Something called marketing resource management may be the answer. MRM aims to enhance an enterprise’s ability to orchestrate and optimize the use of both internal and external (creative agencies, media buyers, etc.) marketing resources.
Unified Message
When HP began its adoption of MRM in the fall of 2003, following its merger with Compaq, it had 86 marketing departments, each with its own budget and other resources. There was no single view of the company, let alone of its customers, who included individual consumers, small and midsize businesses and huge multinationals.
“We asked each marketing team to ante up one senior marketing staffer for a year to man the program management office,” said Deborah Nelson, the HP executive responsible for the worldwide marketing of personal computers, technical workstations, personal digital assistants and handheld products.
This ensured that the businesses involved in marketing to HP’s varied customer segments had a voice in the process of unifying marketing activities.
It also meant that marketers from across the organization learned the best practices of other business units under the HP umbrella. These best practices gave disparate marketers proven benchmarks for success and creative approaches to market challenges. When it was time to roll out the new marketing structure, a year after the 86 senior marketers came together, these people went back “and evangelized their businesses,” Nelson said.
Defining Metrics
“It was not just about reining in marketing, but [about] optimiz[ing] your marketing resources for efficiency and effectiveness,” said Kevin Colosimo, group director of marketing for Siebel Systems Inc., which provides HP with its MRM solution. “A comprehensive approach looks at requirements of processes, people and technologies first and foremost.”
MRM seeks to consolidate marketing, making sure the language it speaks — internally in terms of goals and externally in terms of messages to customers — as well as the processes it uses and the tools it relies upon conform to a single standard.
“HP realized across the globe, people use different marketing terms or the same terms with different definitions,” Colosimo told CRM Buyer. “It needed consistent metrics to use as an organization to define its success” and tally up worldwide marketing expenditures.
Accountability
“One of the reasons MRM is so hot now is [that] marketing has been viewed as the last bastion of creative spending, building squishy” — that is, hard to measure — “brand awareness,” said Colosimo.
Whether marketers like it or not, however, “‘Trust us’ is no longer working,” he said. “CEOs and CFOs are demanding accountability and key drivers of shareholder value and profits and revenue growth. What can marketing do to optimize efficiency, to do more with less, to grow value from existing customers?”
“MRM is a process discipline, not just a tool set,” added Nelson. And as companies learned the hard way with CRM, it’s best to mold minds around the strategy solution rather than the technology.

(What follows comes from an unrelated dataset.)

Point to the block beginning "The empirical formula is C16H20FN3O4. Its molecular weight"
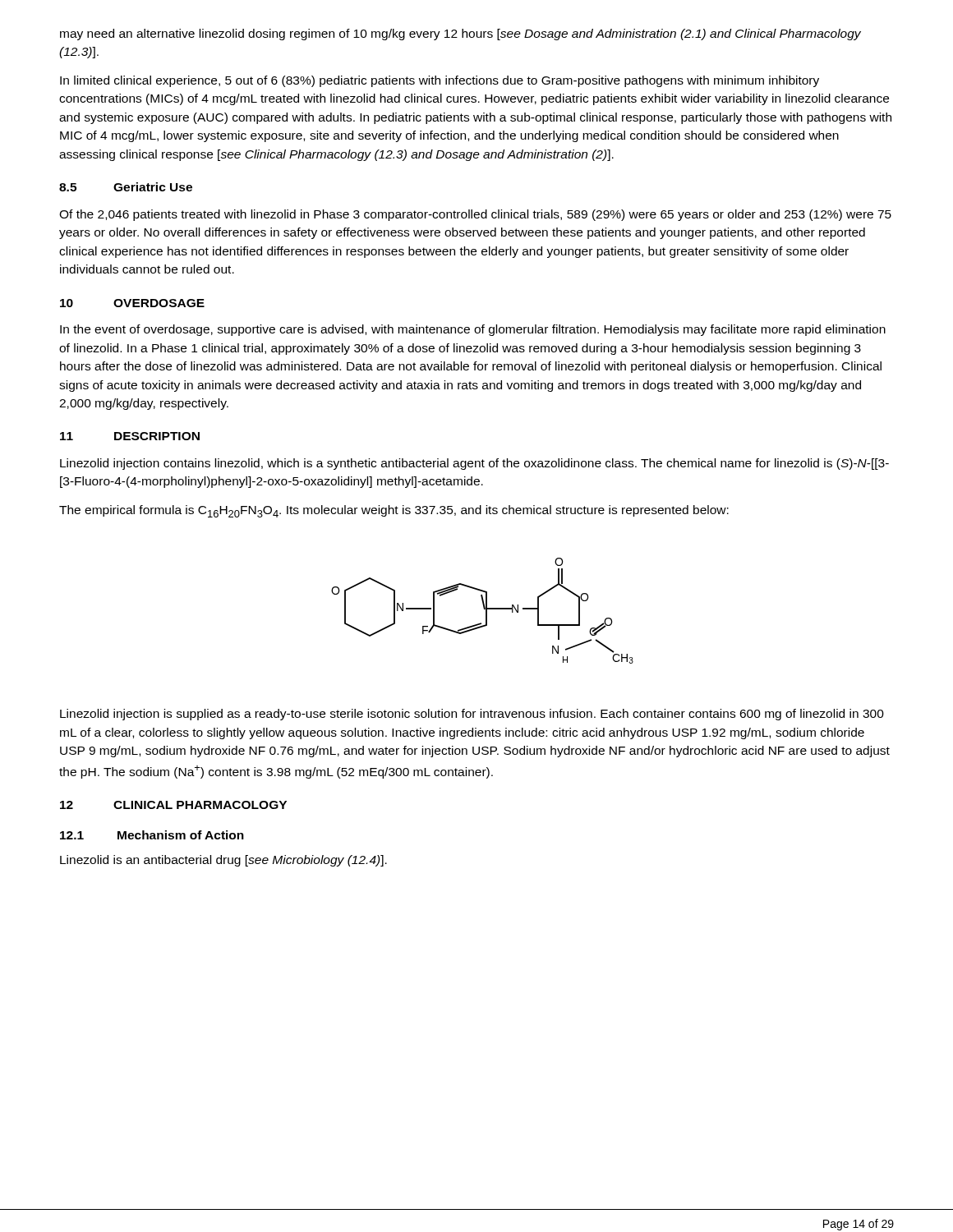The width and height of the screenshot is (953, 1232). coord(476,512)

“MRM really is about bringing structural process and tools to an organization working on intuition and the creative process,” said Colosimo. It helps organizations focus on tactical plans, stick to their budgets, track response to their marketing campaigns, establish metrics for marketing success, receive reports related to these and coordinate all means of marketing and messaging on a central calendar.
Technology Matters
This new technology of comprehensive marketing management has become integral to the functioning of HP’s marketing machine. “Technology does matter,” Colosimo said. “It’s much more difficult to figure out ROI if you have a hodge-podge of point solutions. It’s tough to make that work. You only get efficiency and effectiveness with insight-driven, closed-loop marketing strategy and a consolidated system to measure activities, budget, etc.”
Spending on the MRM platform at HP is less than 1 percent of the $3 billion the company spends annually on marketing, but it has helped the company cuts its relationships from 106 external ad agencies to just two. MRM also reduced total marketing spending by more than 10 percent while doubling the resources it used to expend on branding.
And according to brand-valuation expert Interbrand Corp. of New York, this new approach has helped HP improve its brand by 21 percent.